Mullen had hitched his own wagon to Urban Meyer. After stints at
Wagner, Columbia, and Syracuse, Mullen worked as a graduate
assistant at Notre Dame, where Meyer was on the staff. When Meyer
got the Bowling Green head job, he hired Mullen, who followed him
to Utah and Florida.
Back to the Chip Kelly tie: None other than Nike head (and Oregon
main booster) Phil Knight once said an Oregon assistant was sent to
study Meyer's offense at Florida. ". . . and the offensive
coordinator for Florida was Dan Mullen . . . Anyway, [Mullen's]
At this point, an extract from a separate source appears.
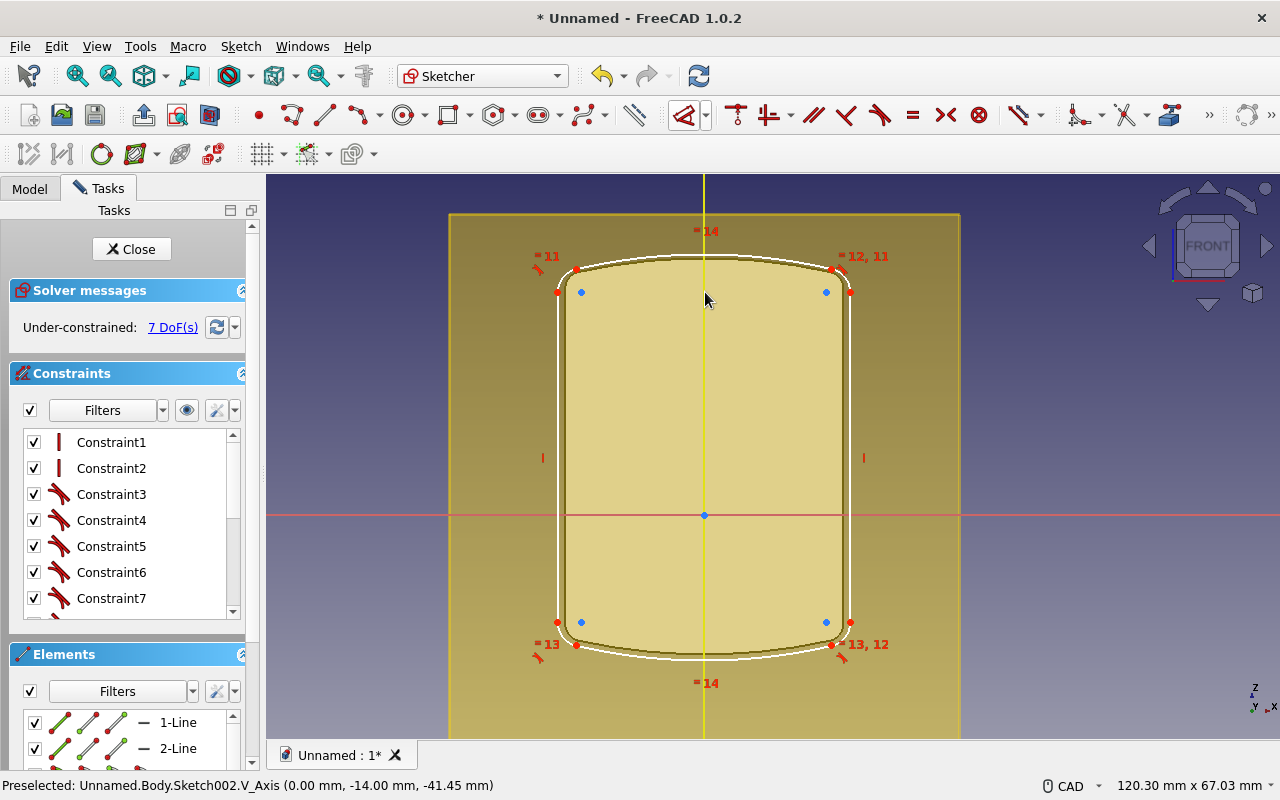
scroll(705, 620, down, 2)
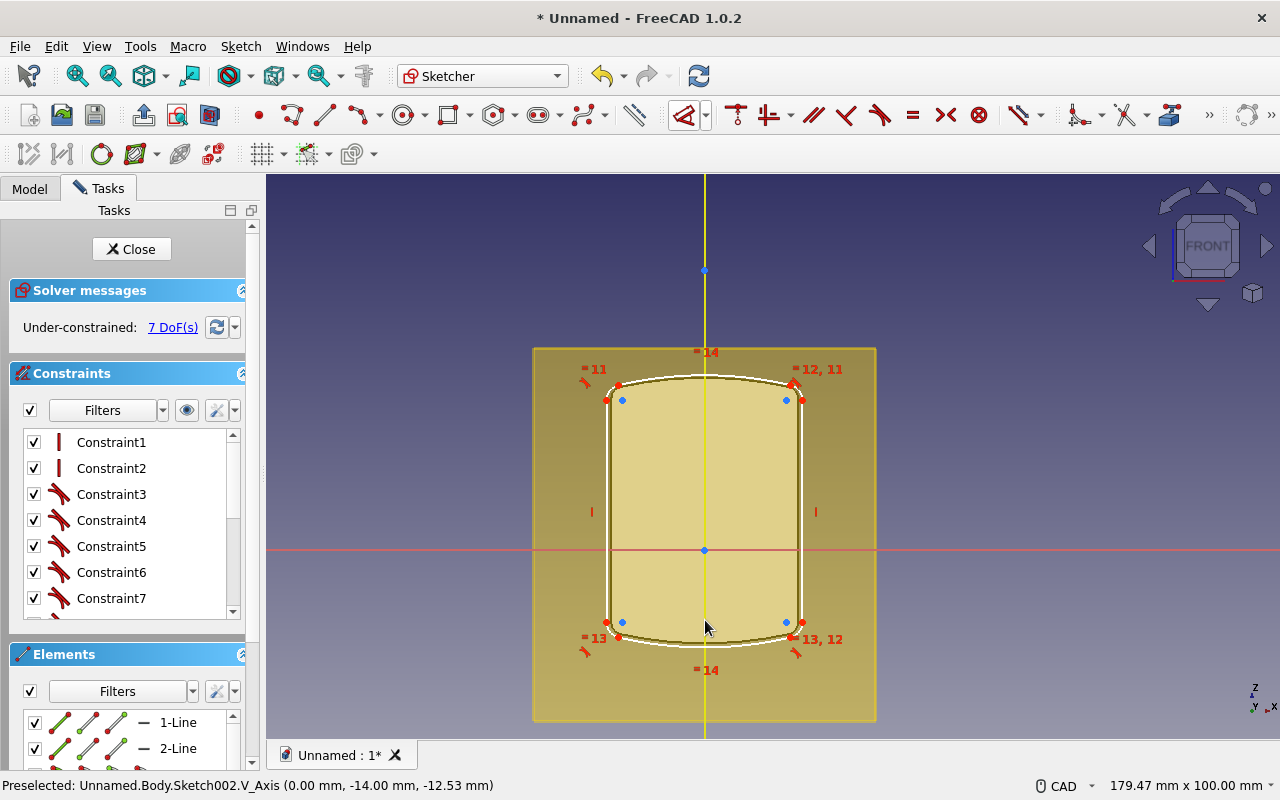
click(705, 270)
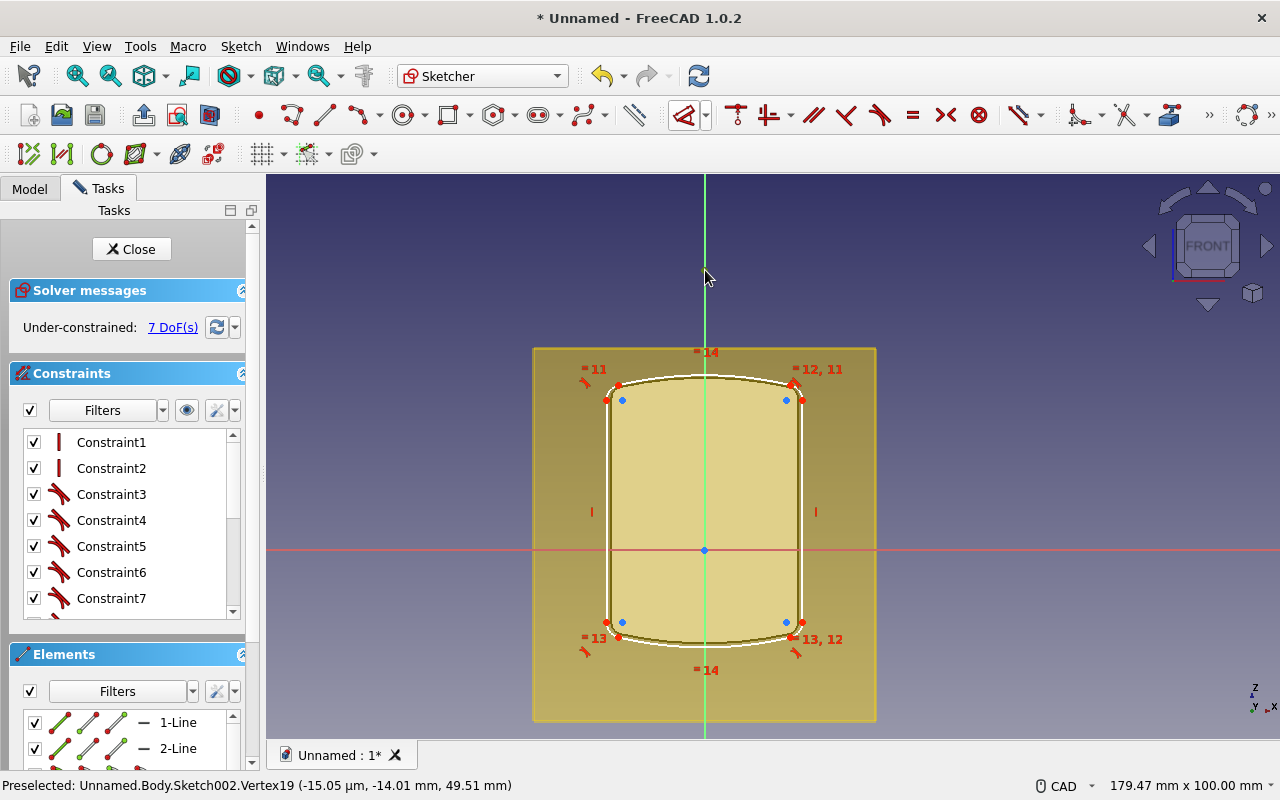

from New Hampshire. And he says, 'The guy who really knows this
stuff is Chip Kelly up at the University of New Hampshire.' So
[Oregon offensive coordinator Gary] Crowton, when he came back he
had some rough edges to the spread and he started calling Chip
Kelly on Sundays saying, 'This came up and I didn't quite know what
to do with it.' And Chip always had an answer. So, when LSU came
and picked up Crowton, [Mike] Bellotti knew he'd been talking to
Chip Kelly, so he went to get Chip Kelly."
It's a good tale, and maybe parts of it are even true, but for his
part, Mullen denies that he had even an indirect role in Kelly's
ending up at Oregon, that Crowton had worked at UNH and knew Kelly
independently.
Did Kelly text him when he hit the top spot in the rankings?
"He doesn't text much," Mullen said. "Usually I get calls from
Chip around the draft, around the combine. Very much like me. I
guess I'm bad that way. If I need something or you need something,
I'm there for you."
Mullen did point out that Paul Guenther, now defensive coordinator
of the Cincinnati Bengals, was an Ursinus teammate and lived right
across the hall from him at their fraternity house. And Mississippi
State tight ends coach Scott Sallach also was Class of '94 at
Ursinus playing for Steve Gilbert. Sallach had never worked with
Mullen before he was hired by him in 2009 after stints at Dartmouth
and Princeton.
There was no master plan for any of this back at the frat house in
Collegeville.
"A couple of guys were able to get into coaching right afterwards
and we didn't even know what you could do with that," Mullen
said.
He added, "As it turns out, we were able to do a lot."